*** RECORDS TO USE Section Begins ***
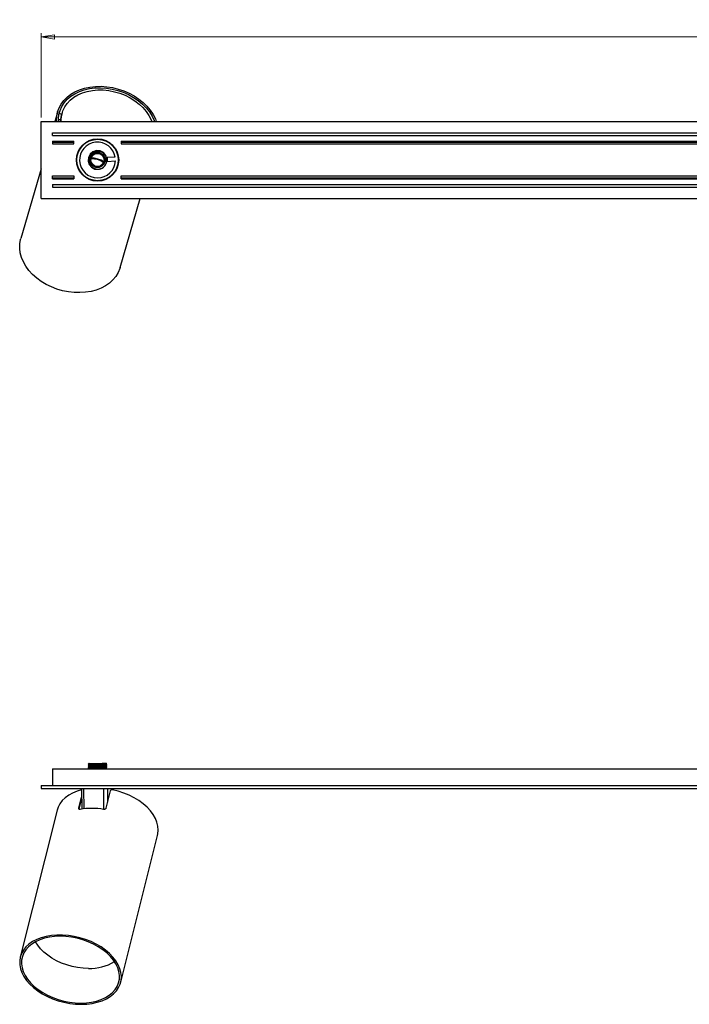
# Model space of a CAD drawing. Header units: millimetres. Extents: x 351 to 1046, y 379 to 649.
# Tile 2 of 4: x 521 to 699, y 388 to 649. Entities that reach past the tile are written whole.
import ezdxf

# ---------------------------------------------------------------- set-up
doc = ezdxf.new("R2010")
doc.units = ezdxf.units.MM
doc.styles.add('SLDTEXTSTYLE0', font='TXT', dxfattribs={"width": 0.75})
doc.dimstyles.new('SLDDIMSTYLE0', dxfattribs={"dimtxt": 3.5, "dimasz": 3.556, "dimexe": 0, "dimexo": 0.0625, "dimgap": 0.875, "dimtad": 1, "dimdec": 0, "dimlfac": 2, "dimrnd": 1e-09, "dimzin": 12, "dimdsep": 46, "dimtxsty": 'SLDTEXTSTYLE0', "dimblk1": 'CLOSED', "dimblk2": 'CLOSED', "dimsah": 1, "dimcen": 0.09, "dimadec": 0, "dimazin": 3, "dimtfac": 1, "dimtdec": 0, "dimtofl": 0, "dimtmove": 0, "dimatfit": 3, "dimldrblk": 'CLOSED', "dimfxl": 0, "dimfrac": 2, "dimtolj": 1, "dimtzin": 12, "dimarcsym": 0})

# ---------------------------------------------------------------- blocks, each defined once
blk = doc.blocks.new('_Closed')
at = {"color": 0, "linetype": 'ByBlock', "lineweight": -2}
for p, q in [((-1, 0.166667), (0, 0)), ((-1, 0.166667), (-1, -0.166667)), ((0, 0), (-1, -0.166667)), ((0, 0), (-1, 0))]:
    blk.add_line(p, q, dxfattribs=at)
blk = doc.blocks.new('_D_2')
at = {"color": 7, "linetype": 'Continuous', "lineweight": 0}
for p, q in [((526.33, 623.04), (526.33, 645.47)), ((526.33, 644.47), (876.33, 644.47)), ((876.33, 623.04), (876.33, 645.47))]:
    blk.add_line(p, q, dxfattribs=at)
at = {"color": 7, "linetype": 'Continuous', "lineweight": 18, "xscale": 3.556, "yscale": 3.556, "rotation": 180.0000000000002}
blk.add_blockref('_Closed', (526.33, 644.47, 15.48), dxfattribs=at)
at = {"color": 7, "linetype": 'Continuous', "lineweight": 18, "xscale": 3.556, "yscale": 3.556}
blk.add_blockref('_Closed', (876.33, 644.47, 15.48), dxfattribs=at)
at = {"color": 7, "linetype": 'Continuous', "lineweight": 18, "insert": (704.91, 648.98), "char_height": 3.5, "attachment_point": 1, "style": 'SLDTEXTSTYLE0'}
blk.add_mtext('700', dxfattribs=at)

msp = doc.modelspace()

# ---------------------------------------------------------------- linework, layer by layer
at = {"color": 7, "linetype": 'Continuous', "lineweight": 25}
for p, q in [((530.76, 624.66), (530, 622.04)), ((530.94, 622.61), (531.53, 622.44)), ((531.84, 623.91), (531.13, 624.11)), ((531.96, 624.31), (531.77, 623.67)), ((526.33, 601.54), (526.33, 622.04)), ((526.33, 622.04), (876.33, 622.04)), ((529.33, 619.04), (873.33, 619.04)), ((529.33, 618.29), (529.33, 619.04)), ((529.33, 618.29), (873.33, 618.29)), ((539.6, 617.01), (539.64, 617.16)), ((540, 617.26), (540.25, 617.19)), ((540.14, 617.29), (540.4, 617.21)), ((529.33, 616.79), (535.08, 616.79)), ((529.33, 616.79), (529.33, 616.54)), ((529.33, 616.54), (529.33, 616.04)), ((529.33, 616.54), (535.08, 616.54)), ((529.33, 616.04), (535.08, 616.04)), ((535.08, 616.54), (535.08, 616.79)), ((535.08, 616.04), (535.08, 616.54)), ((538.86, 616.7), (538.9, 616.87)), ((545.03, 615.87), (545.29, 615.79)), ((545.14, 615.77), (545.39, 615.69)), ((545.64, 615.41), (545.6, 615.27)), ((546.11, 614.77), (546.06, 614.61)), ((547.58, 616.79), (800.08, 616.79)), ((547.58, 616.79), (547.58, 616.54)), ((547.58, 616.54), (800.08, 616.54)), ((547.58, 616.54), (547.58, 616.04)), ((547.58, 616.04), (800.08, 616.04)), ((536.06, 613.36), (535.95, 613.44)), ((536.19, 613.75), (536.09, 613.82)), ((536.43, 614.29), (536.33, 614.36)), ((539.05, 612.72), (539, 612.74)), ((546.02, 612.55), (543.85, 612.43)), ((543.85, 612.43), (543.91, 611.43)), ((526.33, 609.45), (520.95, 590.93)), ((538.84, 611.64), (538.86, 611.63)), ((543.91, 611.43), (546.08, 611.55)), ((546.76, 610.3), (546.63, 610.29)), ((546.85, 610.69), (546.72, 610.68)), ((546.94, 611.28), (546.81, 611.27)), ((529.33, 607.05), (529.33, 607.54)), ((529.33, 607.54), (535.08, 607.54)), ((529.33, 607.05), (535.08, 607.05)), ((529.33, 606.79), (529.33, 607.05)), ((529.33, 606.79), (535.08, 606.79)), ((535.08, 607.54), (535.08, 607.05)), ((535.08, 607.05), (535.08, 606.79)), ((536.56, 608.82), (536.61, 608.98)), ((538.18, 607.29), (537.73, 607.48)), ((543.81, 606.88), (543.76, 606.72)), ((547.58, 607.05), (547.58, 607.54)), ((547.58, 607.54), (800.08, 607.54)), ((547.58, 607.05), (800.08, 607.05)), ((547.58, 606.79), (547.58, 607.05)), ((547.58, 606.79), (800.08, 606.79)), ((529.33, 605.29), (529.33, 604.54)), ((529.33, 605.29), (873.33, 605.29)), ((529.33, 604.54), (873.33, 604.54)), ((542.06, 606.22), (541.58, 606.3)), ((526.33, 601.54), (876.33, 601.54)), ((547.35, 583.25), (552.67, 601.54)), ((529.33, 450.14), (529.33, 445.64)), ((529.33, 450.14), (873.33, 450.14)), ((538.83, 451.37), (538.83, 451.31)), ((538.83, 450.87), (538.83, 450.81)), ((538.83, 450.37), (538.83, 450.31)), ((539.1, 451.15), (539.1, 451.03)), ((539.1, 450.65), (539.1, 450.53)), ((539.1, 450.15), (539.1, 450.14)), ((539.12, 451.54), (539.13, 451.53)), ((542.54, 451.54), (543.73, 451.54)), ((543.56, 451.28), (543.56, 451.4)), ((543.56, 450.78), (543.56, 450.9)), ((543.56, 450.28), (543.56, 450.4)), ((543.83, 451.06), (543.83, 451.12)), ((543.83, 450.56), (543.83, 450.62)), ((526.33, 445.64), (526.33, 444.89)), ((526.33, 445.64), (876.33, 445.64)), ((526.33, 444.89), (876.33, 444.89)), ((537.08, 444.8), (537.07, 444.89)), ((537.08, 444.79), (537.14, 439.41)), ((543.05, 444.79), (537.62, 444.79)), ((545.55, 444.79), (543.98, 444.79)), ((545.58, 444.48), (545.58, 444.79)), ((536.35, 439.62), (537.11, 442.62)), ((544.72, 444.26), (543.55, 439.62)), ((536.48, 439.35), (537.11, 441.87)), ((530.62, 439.14), (520.81, 400.12)), ((547.48, 393.42), (557.29, 432.43))]:
    msp.add_line(p, q, dxfattribs=at)
at = {"color": 8, "linetype": 'Continuous', "lineweight": 25}
for p, q in [((537.62, 444.89), (537.62, 444.79)), ((537.62, 444.79), (537.68, 439.48)), ((543.02, 439.33), (543.05, 444.79)), ((543.04, 444.89), (543.05, 444.79)), ((543.98, 444.79), (543.96, 441.22)), ((543.99, 444.89), (543.98, 444.79)), ((545.56, 444.89), (545.55, 444.79)), ((545.55, 444.48), (545.55, 444.79)), ((536.35, 439.62), (536.42, 439.38))]:
    msp.add_line(p, q, dxfattribs=at)
at = {"color": 7, "linetype": 'Continuous', "lineweight": 25, "flags": 128}
for points in [[(530.46, 622.04), (530.46, 622.23), (530.5, 623.4), (530.72, 624.54), (531.11, 625.63), (531.66, 626.65), (532.37, 627.61), (533.23, 628.47), (534.22, 629.24), (535.34, 629.9), (536.57, 630.45), (537.89, 630.87), (539.29, 631.16), (540.76, 631.32), (542.26, 631.35), (543.78, 631.24), (545.3, 631), (546.81, 630.63), (548.28, 630.14), (549.7, 629.52), (551.04, 628.8), (552.3, 627.97), (553.44, 627.05), (554.47, 626.05), (555.36, 624.98), (556.1, 623.86), (556.69, 622.71), (556.95, 622.04)], [(530.95, 622.04), (530.95, 622.68), (531.07, 623.84), (531.38, 624.95), (531.85, 626.01), (532.5, 626.99), (533.3, 627.9), (534.24, 628.7), (535.32, 629.39), (536.52, 629.97), (537.82, 630.42), (539.21, 630.74), (540.66, 630.93), (542.16, 630.97), (543.68, 630.88), (545.2, 630.64), (546.71, 630.28), (548.18, 629.78), (549.59, 629.16), (550.93, 628.42), (552.16, 627.58), (553.29, 626.65), (554.29, 625.63), (555.14, 624.56), (555.85, 623.43), (556.39, 622.26), (556.47, 622.04)], [(531.69, 622.04), (531.69, 622.66), (531.82, 623.78), (532.14, 624.86), (532.63, 625.87), (533.28, 626.82), (534.09, 627.67), (535.04, 628.43), (536.12, 629.07), (537.31, 629.6), (538.61, 630), (539.98, 630.26), (541.4, 630.39), (542.87, 630.38), (544.35, 630.22), (545.82, 629.93), (547.27, 629.51), (548.67, 628.97), (550, 628.3), (551.25, 627.52), (552.38, 626.65), (553.4, 625.69), (554.28, 624.67), (555, 623.58), (555.57, 622.46), (555.73, 622.04)], [(531.5, 622.04), (531.64, 623.14), (531.77, 623.67)], [(543.79, 611.78), (543.82, 612.07), (543.53, 613), (542.9, 613.74), (542.03, 614.19), (541.06, 614.28), (540.13, 613.98), (539.38, 613.36), (538.93, 612.49), (538.85, 611.52), (539.14, 610.59), (539.77, 609.84), (540.64, 609.39), (541.61, 609.31), (542.54, 609.6), (542.54, 609.6)], [(541.4, 612.04), (540.46, 612.24), (539.66, 612.31)], [(543.02, 611.34), (542.31, 611.7), (541.4, 612.04)], [(547.35, 583.25), (547.26, 582.97), (546.81, 581.89), (546.19, 580.88), (545.42, 579.95), (544.49, 579.11), (543.44, 578.38), (542.26, 577.76), (540.97, 577.26), (539.6, 576.89), (538.16, 576.66), (536.66, 576.56), (535.13, 576.59), (533.59, 576.77), (532.05, 577.07), (530.55, 577.51), (529.09, 578.08), (527.69, 578.76), (526.38, 579.55), (525.17, 580.43), (524.08, 581.41), (523.12, 582.46), (522.3, 583.56), (521.64, 584.72), (521.14, 585.91), (520.81, 587.11), (520.65, 588.31), (520.67, 589.49), (520.87, 590.65), (520.95, 590.93)], [(557.29, 432.43), (557.38, 432.83), (557.47, 433.83), (557.38, 434.86), (557.13, 435.9), (556.7, 436.94), (556.11, 437.96), (555.37, 438.95), (554.48, 439.91), (553.46, 440.81), (552.31, 441.65), (551.06, 442.41), (549.72, 443.09), (548.31, 443.67), (546.83, 444.16), (545.33, 444.53)], [(545.59, 444.89), (545.59, 444.89), (545.58, 444.79)], [(537.09, 444.51), (535.89, 444.16), (534.72, 443.67), (533.67, 443.09), (532.75, 442.41), (531.97, 441.65), (531.34, 440.81), (530.88, 439.91), (530.62, 439.14)], [(537, 387.57), (538.49, 387.63), (539.92, 387.81), (541.27, 388.1), (542.53, 388.51), (543.69, 389.03), (544.72, 389.65), (545.61, 390.36), (546.35, 391.15), (546.93, 392.02), (547.34, 392.95), (547.59, 393.93), (547.66, 394.94), (547.55, 395.98), (547.26, 397.03), (546.81, 398.08), (546.19, 399.11), (545.42, 400.11), (544.49, 401.06), (543.44, 401.96), (542.26, 402.79), (540.97, 403.55), (539.6, 404.21), (538.16, 404.78), (536.66, 405.24), (535.13, 405.6), (533.59, 405.83), (532.05, 405.95), (530.55, 405.95), (529.09, 405.83), (527.69, 405.6), (526.38, 405.24), (525.17, 404.78), (524.08, 404.21), (523.12, 403.55), (522.3, 402.79), (521.64, 401.96), (521.14, 401.06), (520.81, 400.11), (520.65, 399.11), (520.67, 398.08), (520.87, 397.03), (521.24, 395.98), (521.78, 394.94), (522.47, 393.93), (523.32, 392.95), (524.32, 392.02), (525.44, 391.15), (526.67, 390.36), (528, 389.65), (529.41, 389.03), (530.88, 388.51), (532.4, 388.1), (533.94, 387.81), (535.48, 387.63), (537, 387.57)], [(536.9, 387.9), (538.36, 387.96), (539.76, 388.14), (541.08, 388.44), (542.32, 388.85), (543.44, 389.36), (544.43, 389.98), (545.29, 390.68), (546, 391.47), (546.54, 392.34), (546.92, 393.26), (547.13, 394.23), (547.16, 395.23), (547.01, 396.25), (546.69, 397.28), (546.2, 398.31), (545.55, 399.31), (544.74, 400.28), (543.79, 401.2), (542.71, 402.06), (541.52, 402.85), (540.22, 403.56), (538.84, 404.18), (537.4, 404.69), (535.92, 405.1), (534.41, 405.4), (532.89, 405.58), (531.4, 405.64), (529.94, 405.58), (528.54, 405.4), (527.21, 405.1), (525.98, 404.69), (524.86, 404.18), (523.86, 403.56), (523.01, 402.85), (522.3, 402.06), (521.76, 401.2), (521.38, 400.28), (521.17, 399.31), (521.14, 398.31), (521.29, 397.28), (521.61, 396.25), (522.1, 395.23), (522.75, 394.23), (523.56, 393.26), (524.51, 392.34), (525.59, 391.47), (526.78, 390.68), (528.08, 389.98), (529.45, 389.36), (530.9, 388.85), (532.38, 388.44), (533.89, 388.14), (535.4, 387.96), (536.9, 387.9)], [(538.93, 397.1), (537.49, 397.16), (536.04, 397.33), (534.59, 397.62), (533.16, 398.02), (531.78, 398.53), (530.46, 399.13), (529.23, 399.82), (528.1, 400.59), (527.08, 401.42), (526.19, 402.32), (525.44, 403.26), (524.87, 404.18)]]:
    msp.add_lwpolyline(points, dxfattribs=at)
at = {"color": 7, "linetype": 'Continuous', "lineweight": 25}
for radius in [5.62, 5.5, 2, 1.75]:
    msp.add_circle((541.33, 611.79), radius, dxfattribs=at)
for centre, radius, start, end in [((541.33, 611.79), 4.75, 9.1124, 357.0278), ((540.2, 607.99), 4.07, 73.3351, 98.4131), ((540.26, 607.97), 4.07, 49.1536, 74.2315), ((541.33, 611.79), 2.5, 298.7833, 343.7833), ((543.53, 610.73), 0.666, 69.9822, 154.4503), ((539.83, 420.82), 18.77, 80.4319, 99.5681), ((539.36, 409.51), 12.42, 268.0303, 301.4167)]:
    msp.add_arc(centre, radius, start, end, dxfattribs=at)
at = {"color": 8, "linetype": 'Continuous', "lineweight": 25}
for centre, major_axis, start_param, end_param in [((537.83, 444.79), (0.75, -0.005), 1.853972, 3.141356), ((544.83, 444.79), (0.75, 0.005), 6.000086, 6.28342)]:
    msp.add_ellipse(centre, major_axis=major_axis, ratio=0.00396, start_param=start_param, end_param=end_param, dxfattribs=at)
at = {"color": 7, "linetype": 'Continuous', "lineweight": 25}
msp.add_ellipse((543.26, 444.79), major_axis=(0.75, 0.003), ratio=0.00721, start_param=0.282969, end_param=1.853689, dxfattribs=at)
for points, knots in [([(541.09, 614.01), (541.01, 614), (540.68, 613.95), (540.13, 613.72), (539.56, 613.21), (539.19, 612.54), (539.09, 611.96), (539.11, 611.63), (539.12, 611.55)], [0, 0, 0, 0, 0.0718, 0.286448, 0.501095, 0.715743, 0.93039, 1, 1, 1, 1]), ([(543.73, 611.1), (543.77, 611.32), (543.84, 611.81), (543.66, 612.58), (543.23, 613.29), (542.59, 613.8), (541.84, 614.07), (541.34, 614.03), (541.09, 614.01)], [0, 0, 0, 0, 0.144785, 0.321878, 0.499028, 0.672515, 0.841766, 1, 1, 1, 1]), ([(539.12, 611.55), (539.15, 611.33), (539.21, 610.88), (539.56, 610.25), (540.11, 609.73), (540.83, 609.4), (541.64, 609.32), (542.22, 609.45), (542.5, 609.59), (542.54, 609.6)], [0, 0, 0, 0, 0.145028, 0.289979, 0.456545, 0.625702, 0.796504, 0.973544, 1, 1, 1, 1]), ([(539.11, 451.53), (539.06, 451.51), (538.97, 451.46), (538.88, 451.4), (538.84, 451.38)], [0, 0, 0, 0, 0.499963, 1, 1, 1, 1]), ([(538.84, 451.31), (538.88, 451.28), (538.97, 451.23), (539.06, 451.18), (539.1, 451.15)], [0, 0, 0, 0, 0.507773, 1, 1, 1, 1]), ([(539.11, 451.03), (539.06, 451.01), (538.97, 450.96), (538.88, 450.9), (538.84, 450.88)], [0, 0, 0, 0, 0.499963, 1, 1, 1, 1]), ([(538.84, 450.81), (538.88, 450.78), (538.97, 450.73), (539.06, 450.68), (539.1, 450.65)], [0, 0, 0, 0, 0.507773, 1, 1, 1, 1]), ([(539.11, 450.53), (539.06, 450.51), (538.97, 450.46), (538.88, 450.4), (538.84, 450.38)], [0, 0, 0, 0, 0.4999633, 1, 1, 1, 1]), ([(538.84, 450.31), (538.88, 450.28), (538.97, 450.23), (539.06, 450.18), (539.1, 450.15)], [0, 0, 0, 0, 0.507773, 1, 1, 1, 1]), ([(538.87, 451.37), (538.86, 451.38), (538.81, 451.39), (539.1, 451.41), (539.73, 451.44), (540.62, 451.48), (541.62, 451.51), (542.23, 451.53), (542.54, 451.54)], [0, 0, 0, 0, 0.052692, 0.242153, 0.431615, 0.621077, 0.810538, 1, 1, 1, 1]), ([(543.73, 451.54), (543.61, 451.53), (543.35, 451.51), (542.56, 451.48), (541.62, 451.44), (540.62, 451.41), (539.72, 451.38), (539.1, 451.35), (538.81, 451.33), (538.86, 451.31), (538.87, 451.31)], [0, 0, 0, 0, 0.137398, 0.274797, 0.412195, 0.549593, 0.686991, 0.82439, 0.961788, 1, 1, 1, 1]), ([(538.87, 450.87), (538.86, 450.88), (538.81, 450.89), (539.1, 450.91), (539.72, 450.94), (540.62, 450.98), (541.61, 451.01), (542.57, 451.04), (543.33, 451.07), (543.78, 451.1), (543.79, 451.12), (543.8, 451.12)], [0, 0, 0, 0, 0.034764, 0.159764, 0.284764, 0.409764, 0.534764, 0.659764, 0.784764, 0.909764, 1, 1, 1, 1]), ([(543.78, 451.06), (543.78, 451.05), (543.77, 451.03), (543.32, 451.01), (542.57, 450.98), (541.61, 450.94), (540.62, 450.91), (539.72, 450.88), (539.1, 450.85), (538.81, 450.83), (538.86, 450.81), (538.87, 450.81)], [0, 0, 0, 0, 0.0736489, 0.200928, 0.328207, 0.455486, 0.582765, 0.710044, 0.8373231, 0.9646021, 1, 1, 1, 1]), ([(538.87, 450.37), (538.86, 450.38), (538.81, 450.39), (539.1, 450.41), (539.72, 450.44), (540.62, 450.48), (541.61, 450.51), (542.57, 450.54), (543.33, 450.57), (543.78, 450.6), (543.79, 450.62), (543.8, 450.62)], [0, 0, 0, 0, 0.0347641, 0.1597641, 0.2847641, 0.4097641, 0.5347641, 0.6597641, 0.7847641, 0.9097641, 1, 1, 1, 1]), ([(543.78, 450.56), (543.78, 450.55), (543.77, 450.53), (543.32, 450.51), (542.57, 450.48), (541.61, 450.44), (540.62, 450.41), (539.72, 450.38), (539.1, 450.35), (538.81, 450.33), (538.86, 450.31), (538.87, 450.31)], [0, 0, 0, 0, 0.073649, 0.200928, 0.328207, 0.455486, 0.582765, 0.710044, 0.837323, 0.964602, 1, 1, 1, 1]), ([(543.53, 451.28), (543.53, 451.27), (543.52, 451.25), (543.11, 451.23), (542.44, 451.19), (541.58, 451.16), (540.7, 451.13), (539.9, 451.1), (539.35, 451.07), (539.09, 451.05), (539.12, 451.04), (539.13, 451.03)], [0, 0, 0, 0, 0.092027, 0.219493, 0.34696, 0.474426, 0.601892, 0.729358, 0.856825, 0.984291, 1, 1, 1, 1]), ([(543.53, 450.78), (543.53, 450.77), (543.52, 450.75), (543.11, 450.73), (542.44, 450.69), (541.58, 450.66), (540.7, 450.63), (539.9, 450.6), (539.35, 450.57), (539.09, 450.55), (539.12, 450.54), (539.13, 450.53)], [0, 0, 0, 0, 0.092027, 0.219493, 0.34696, 0.474426, 0.601892, 0.729358, 0.856825, 0.984291, 1, 1, 1, 1]), ([(543.52, 451.4), (543.51, 451.39), (543.5, 451.38), (543.11, 451.35), (542.44, 451.32), (541.58, 451.29), (540.7, 451.26), (539.9, 451.23), (539.35, 451.19), (539.08, 451.17), (539.13, 451.16), (539.14, 451.15)], [0, 0, 0, 0, 0.07245, 0.1998725, 0.327295, 0.4547175, 0.58214, 0.7095625, 0.836985, 0.9644075, 1, 1, 1, 1]), ([(543.52, 450.9), (543.51, 450.89), (543.5, 450.88), (543.11, 450.85), (542.44, 450.82), (541.58, 450.79), (540.7, 450.76), (539.9, 450.73), (539.35, 450.69), (539.08, 450.67), (539.13, 450.66), (539.14, 450.65)], [0, 0, 0, 0, 0.07245, 0.199872, 0.327295, 0.454717, 0.58214, 0.709562, 0.836985, 0.964407, 1, 1, 1, 1]), ([(543.52, 450.4), (543.51, 450.39), (543.5, 450.38), (543.11, 450.35), (542.44, 450.32), (541.58, 450.29), (540.7, 450.26), (539.9, 450.23), (539.35, 450.19), (539.08, 450.17), (539.13, 450.16), (539.14, 450.15)], [0, 0, 0, 0, 0.07245, 0.199872, 0.327295, 0.454717, 0.58214, 0.709562, 0.836985, 0.964407, 1, 1, 1, 1]), ([(539.12, 451.54), (539.15, 451.54), (539.21, 451.54), (539.56, 451.54), (540.11, 451.54), (540.83, 451.54), (541.64, 451.54), (542.22, 451.54), (542.5, 451.54), (542.54, 451.54)], [0, 0, 0, 0, 0.145028, 0.289979, 0.456545, 0.625702, 0.796504, 0.973544, 1, 1, 1, 1]), ([(543.53, 450.28), (543.53, 450.27), (543.52, 450.25), (543.11, 450.23), (542.44, 450.19), (541.64, 450.17), (541.12, 450.15), (540.88, 450.14)], [0, 0, 0, 0, 0.159659, 0.380801, 0.601944, 0.823086, 1, 1, 1, 1]), ([(543.56, 451.4), (543.6, 451.43), (543.69, 451.48), (543.79, 451.53), (543.83, 451.56)], [0, 0, 0, 0, 0.4999664, 1, 1, 1, 1]), ([(543.83, 451.13), (543.79, 451.15), (543.7, 451.21), (543.61, 451.26), (543.56, 451.28)], [0, 0, 0, 0, 0.507528, 1, 1, 1, 1]), ([(543.56, 450.9), (543.6, 450.93), (543.69, 450.98), (543.79, 451.03), (543.83, 451.06)], [0, 0, 0, 0, 0.499966, 1, 1, 1, 1]), ([(543.83, 450.63), (543.79, 450.65), (543.7, 450.71), (543.61, 450.76), (543.56, 450.78)], [0, 0, 0, 0, 0.507528, 1, 1, 1, 1]), ([(543.56, 450.4), (543.6, 450.43), (543.69, 450.48), (543.79, 450.53), (543.83, 450.56)], [0, 0, 0, 0, 0.499966, 1, 1, 1, 1]), ([(543.81, 450.14), (543.77, 450.16), (543.69, 450.21), (543.61, 450.26), (543.56, 450.28)], [0, 0, 0, 0, 0.470294, 1, 1, 1, 1]), ([(545.33, 444.53), (545.27, 444.54), (545.14, 444.56), (544.97, 444.52), (544.83, 444.44), (544.75, 444.35), (544.73, 444.28), (544.72, 444.26)], [0, 0, 0, 0, 0.227584, 0.455404, 0.676556, 0.888193, 1, 1, 1, 1]), ([(536.71, 439.34), (536.66, 439.33), (536.56, 439.32), (536.44, 439.36), (536.36, 439.44), (536.34, 439.53), (536.35, 439.6), (536.35, 439.62)], [0, 0, 0, 0, 0.223363, 0.446786, 0.66793, 0.882137, 1, 1, 1, 1]), ([(543.55, 439.62), (543.54, 439.58), (543.51, 439.5), (543.4, 439.41), (543.25, 439.34), (543.1, 439.32), (543, 439.33), (542.95, 439.34)], [0, 0, 0, 0, 0.205422, 0.410714, 0.619671, 0.835971, 1, 1, 1, 1])]:
    msp.add_open_spline(points, degree=3, knots=knots, dxfattribs=at)

# ---------------------------------------------------------------- dimensions: what is measured, and where the dimension line sits
at = {"color": 7, "linetype": 'Continuous', "lineweight": 18}
dim = msp.add_linear_dim(base=(876.33, 644.47), p1=(526.33, 622.04), p2=(876.33, 622.04), dimstyle='SLDDIMSTYLE0', dxfattribs=at)
dim.commit()
dim.dimension.update_dxf_attribs({"geometry": '_D_2', "text_midpoint": (708.79, 644.47), "dimtype": 160})

doc.saveas('drawing.dxf')
*** RECORDS TO USE Section Ends ***
** TASK OBJECTIVE **
Repeat exactly and only the lines from the start of the data above through the line that holds "import ezdxf", inclusive. Pictures do not belong in the copy.

** FINAL ANSWER **
# Model space of a CAD drawing. Header units: millimetres. Extents: x 351 to 1046, y 379 to 649.
# Tile 2 of 4: x 521 to 699, y 388 to 649. Entities that reach past the tile are written whole.
import ezdxf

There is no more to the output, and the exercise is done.